WHAT IS NEEDED: Where in the data below does the word "degrees" appear? Copy each line that holds it.

Data records:
+ + +
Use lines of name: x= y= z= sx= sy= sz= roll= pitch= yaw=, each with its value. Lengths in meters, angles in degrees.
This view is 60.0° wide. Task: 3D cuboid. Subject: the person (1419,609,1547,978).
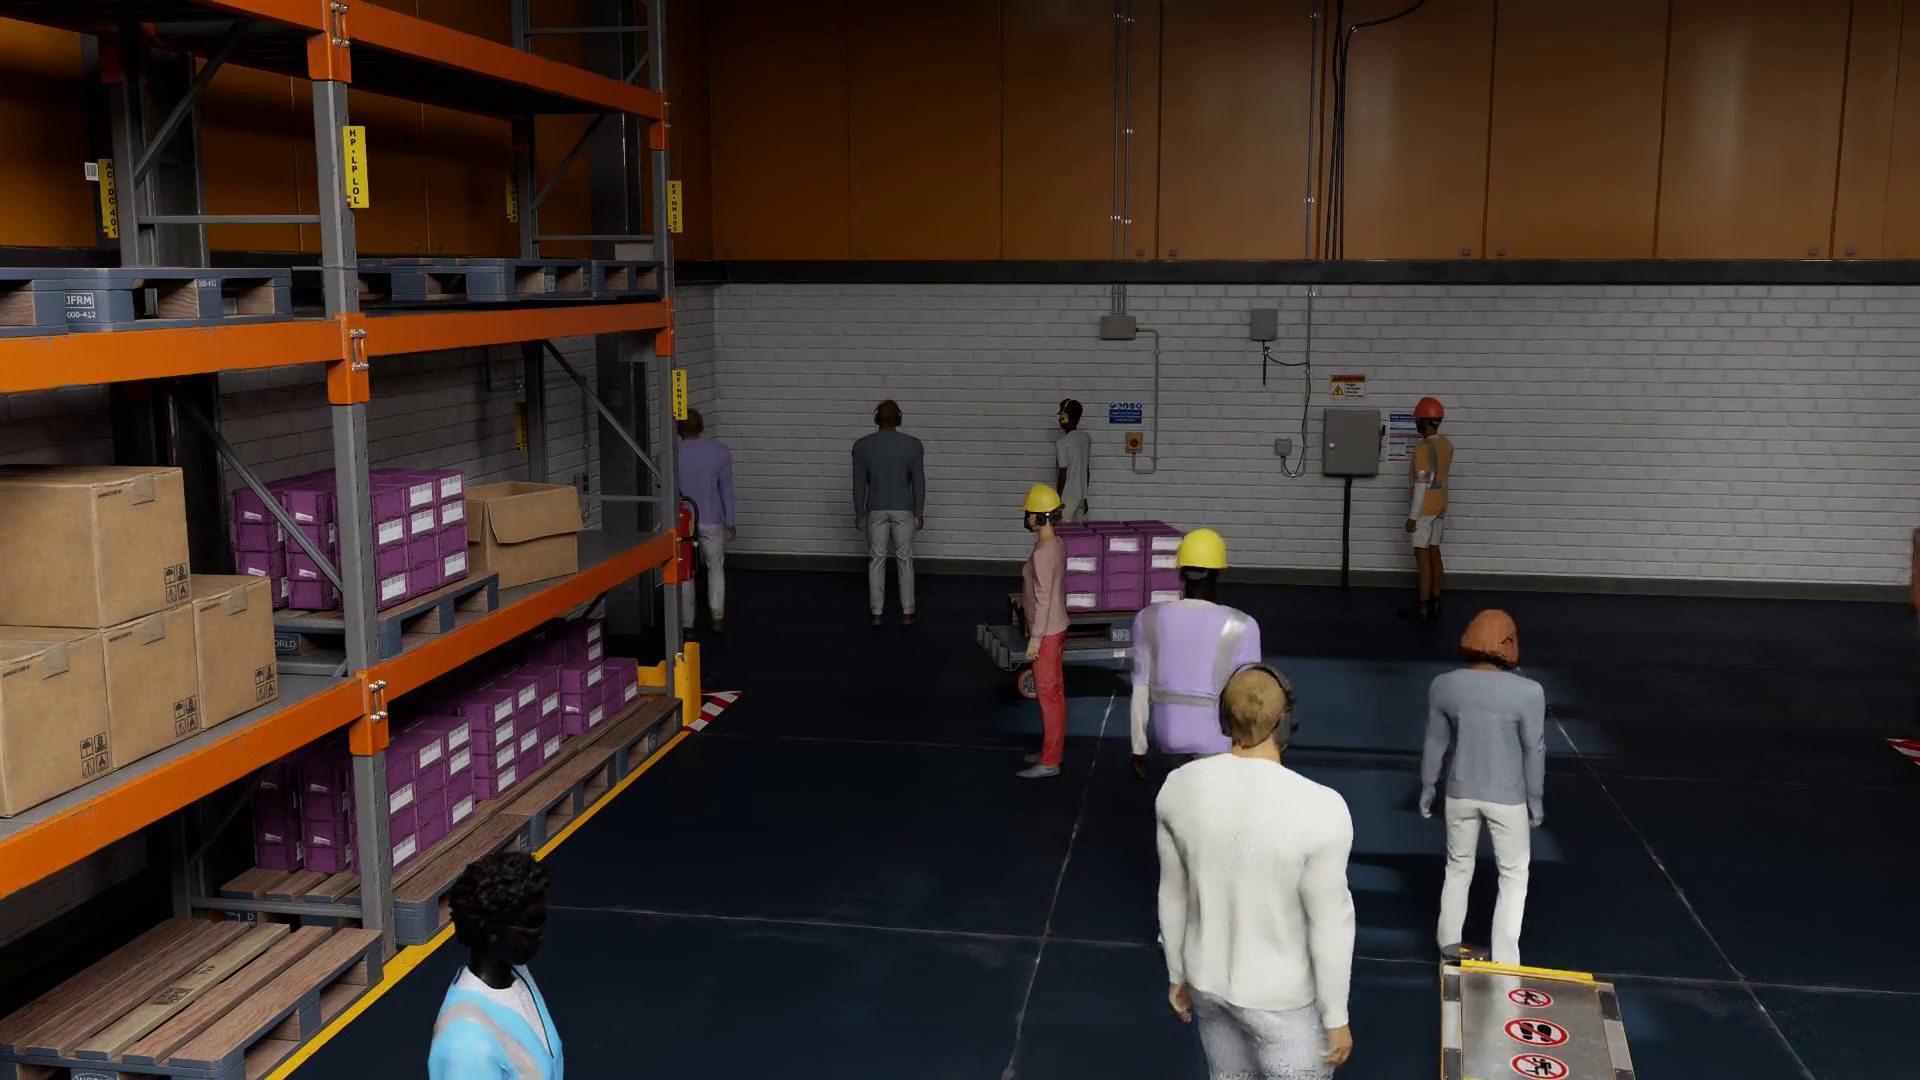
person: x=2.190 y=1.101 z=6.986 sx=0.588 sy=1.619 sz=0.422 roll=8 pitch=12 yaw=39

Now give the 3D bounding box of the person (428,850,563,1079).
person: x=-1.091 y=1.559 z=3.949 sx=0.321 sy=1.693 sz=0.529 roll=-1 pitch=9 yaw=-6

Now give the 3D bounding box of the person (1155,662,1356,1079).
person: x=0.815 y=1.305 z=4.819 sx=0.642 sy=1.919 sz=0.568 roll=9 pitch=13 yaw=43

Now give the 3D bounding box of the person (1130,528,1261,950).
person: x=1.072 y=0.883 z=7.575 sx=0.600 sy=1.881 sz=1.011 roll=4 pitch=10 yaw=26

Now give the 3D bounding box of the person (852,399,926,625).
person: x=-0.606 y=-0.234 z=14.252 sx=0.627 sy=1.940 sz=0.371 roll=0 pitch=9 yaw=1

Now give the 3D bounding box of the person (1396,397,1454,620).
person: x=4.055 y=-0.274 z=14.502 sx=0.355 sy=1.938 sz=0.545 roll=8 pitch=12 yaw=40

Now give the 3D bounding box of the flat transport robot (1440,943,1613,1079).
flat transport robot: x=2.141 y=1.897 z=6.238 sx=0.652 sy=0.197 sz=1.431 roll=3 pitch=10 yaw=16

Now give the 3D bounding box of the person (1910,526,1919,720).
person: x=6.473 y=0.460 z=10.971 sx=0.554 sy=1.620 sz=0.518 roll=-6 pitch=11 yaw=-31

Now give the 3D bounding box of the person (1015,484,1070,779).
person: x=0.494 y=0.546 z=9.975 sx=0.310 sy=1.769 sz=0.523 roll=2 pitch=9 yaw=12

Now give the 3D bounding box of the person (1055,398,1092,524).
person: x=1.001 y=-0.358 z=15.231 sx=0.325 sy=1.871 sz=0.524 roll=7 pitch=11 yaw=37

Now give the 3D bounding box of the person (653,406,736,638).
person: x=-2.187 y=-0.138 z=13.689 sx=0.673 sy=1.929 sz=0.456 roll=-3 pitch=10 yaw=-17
+ + +
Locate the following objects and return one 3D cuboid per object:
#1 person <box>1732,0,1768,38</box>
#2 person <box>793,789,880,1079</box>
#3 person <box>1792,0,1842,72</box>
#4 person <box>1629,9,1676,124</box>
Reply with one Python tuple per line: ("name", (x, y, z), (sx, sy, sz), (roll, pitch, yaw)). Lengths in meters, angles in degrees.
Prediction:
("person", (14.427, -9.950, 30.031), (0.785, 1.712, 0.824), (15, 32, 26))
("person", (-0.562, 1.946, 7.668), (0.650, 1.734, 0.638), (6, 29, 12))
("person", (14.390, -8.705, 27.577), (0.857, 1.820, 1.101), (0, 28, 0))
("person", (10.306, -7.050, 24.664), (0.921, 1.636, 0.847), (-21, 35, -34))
+ + +
OUTPUT BELOW:
Use lines of name: x= y= z= sx= sy= sz= roll= pitch= yaw=, each with its value. Lengths in meters, angles in degrees.
Reply with one Python tuple per line: ("name", (x, y, z), (sx, sy, sz), (roll, pitch, yaw)). Lengths in meters, angles in degrees.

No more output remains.